From the first line to the last, output the material exactly.

======== LISTED ENTRIES

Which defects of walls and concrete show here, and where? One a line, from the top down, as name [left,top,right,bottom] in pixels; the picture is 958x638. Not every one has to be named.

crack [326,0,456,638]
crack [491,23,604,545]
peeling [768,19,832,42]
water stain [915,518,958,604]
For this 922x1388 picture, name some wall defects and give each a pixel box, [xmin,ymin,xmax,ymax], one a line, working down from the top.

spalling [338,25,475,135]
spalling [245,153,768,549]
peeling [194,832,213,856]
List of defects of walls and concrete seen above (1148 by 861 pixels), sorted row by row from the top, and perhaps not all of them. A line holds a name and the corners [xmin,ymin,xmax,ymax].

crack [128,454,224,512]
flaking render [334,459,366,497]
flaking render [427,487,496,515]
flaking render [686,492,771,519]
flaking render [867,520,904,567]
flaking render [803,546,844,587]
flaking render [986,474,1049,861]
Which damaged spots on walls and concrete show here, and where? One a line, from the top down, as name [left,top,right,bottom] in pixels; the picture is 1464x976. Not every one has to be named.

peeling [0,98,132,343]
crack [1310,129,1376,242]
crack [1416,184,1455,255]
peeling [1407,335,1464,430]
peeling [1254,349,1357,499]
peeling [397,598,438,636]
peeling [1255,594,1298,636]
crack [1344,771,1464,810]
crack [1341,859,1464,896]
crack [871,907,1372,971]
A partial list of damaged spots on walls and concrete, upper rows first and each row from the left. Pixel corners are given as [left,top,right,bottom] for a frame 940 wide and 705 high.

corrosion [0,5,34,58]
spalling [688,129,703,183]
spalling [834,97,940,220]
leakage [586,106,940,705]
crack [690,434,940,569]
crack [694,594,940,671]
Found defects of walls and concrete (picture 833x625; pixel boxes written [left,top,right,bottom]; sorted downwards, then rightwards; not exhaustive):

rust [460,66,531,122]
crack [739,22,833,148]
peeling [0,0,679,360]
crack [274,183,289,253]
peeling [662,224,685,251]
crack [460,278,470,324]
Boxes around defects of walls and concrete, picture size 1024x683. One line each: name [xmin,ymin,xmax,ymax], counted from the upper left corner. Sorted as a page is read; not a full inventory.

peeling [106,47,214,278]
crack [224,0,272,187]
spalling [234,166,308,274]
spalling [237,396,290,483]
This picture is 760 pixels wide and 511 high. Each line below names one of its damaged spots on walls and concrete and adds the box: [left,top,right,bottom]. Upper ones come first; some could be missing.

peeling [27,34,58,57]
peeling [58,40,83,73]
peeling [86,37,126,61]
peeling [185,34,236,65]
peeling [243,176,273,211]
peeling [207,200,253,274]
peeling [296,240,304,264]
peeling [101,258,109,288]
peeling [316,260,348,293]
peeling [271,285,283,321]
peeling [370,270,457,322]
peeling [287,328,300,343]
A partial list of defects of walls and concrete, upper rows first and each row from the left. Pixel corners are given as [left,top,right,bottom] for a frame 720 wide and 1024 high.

================

◆ **COMPLETED TASK**
Which defects of walls and concrete show here, and where? One a line, from the top down, as name [left,top,right,bottom] in pixels; the picture is 958x638. Not every one has to be named.

crack [326,0,456,638]
crack [491,23,604,545]
peeling [768,19,832,42]
water stain [915,518,958,604]
For this 922x1388 picture, name some wall defects and give each a pixel box, [xmin,ymin,xmax,ymax], one a line, working down from the top.

spalling [338,25,475,135]
spalling [245,153,768,549]
peeling [194,832,213,856]
List of defects of walls and concrete seen above (1148 by 861 pixels), sorted row by row from the top, and perhaps not all of them. A line holds a name and the corners [xmin,ymin,xmax,ymax].

crack [128,454,224,512]
flaking render [334,459,366,497]
flaking render [427,487,496,515]
flaking render [686,492,771,519]
flaking render [867,520,904,567]
flaking render [803,546,844,587]
flaking render [986,474,1049,861]
Which damaged spots on walls and concrete show here, and where? One a line, from the top down, as name [left,top,right,bottom] in pixels; the picture is 1464x976. Not every one has to be named.

peeling [0,98,132,343]
crack [1310,129,1376,242]
crack [1416,184,1455,255]
peeling [1407,335,1464,430]
peeling [1254,349,1357,499]
peeling [397,598,438,636]
peeling [1255,594,1298,636]
crack [1344,771,1464,810]
crack [1341,859,1464,896]
crack [871,907,1372,971]
A partial list of damaged spots on walls and concrete, upper rows first and each row from the left. Pixel corners are given as [left,top,right,bottom] for a frame 940 wide and 705 high.

corrosion [0,5,34,58]
spalling [688,129,703,183]
spalling [834,97,940,220]
leakage [586,106,940,705]
crack [690,434,940,569]
crack [694,594,940,671]
Found defects of walls and concrete (picture 833x625; pixel boxes written [left,top,right,bottom]; sorted downwards, then rightwards; not exhaustive):

rust [460,66,531,122]
crack [739,22,833,148]
peeling [0,0,679,360]
crack [274,183,289,253]
peeling [662,224,685,251]
crack [460,278,470,324]
Boxes around defects of walls and concrete, picture size 1024x683. One line each: name [xmin,ymin,xmax,ymax], counted from the upper left corner. Sorted as a page is read; not a full inventory.

peeling [106,47,214,278]
crack [224,0,272,187]
spalling [234,166,308,274]
spalling [237,396,290,483]
This picture is 760 pixels wide and 511 high. Each line below names one of its damaged spots on walls and concrete and adds the box: [left,top,right,bottom]. Upper ones come first; some could be missing.

peeling [27,34,58,57]
peeling [58,40,83,73]
peeling [86,37,126,61]
peeling [185,34,236,65]
peeling [243,176,273,211]
peeling [207,200,253,274]
peeling [296,240,304,264]
peeling [101,258,109,288]
peeling [316,260,348,293]
peeling [271,285,283,321]
peeling [370,270,457,322]
peeling [287,328,300,343]
A partial list of defects of walls and concrete, upper rows first and each row from the left. Pixel corners are given as [left,top,right,bottom] for a frame 720 wide and 1024 high.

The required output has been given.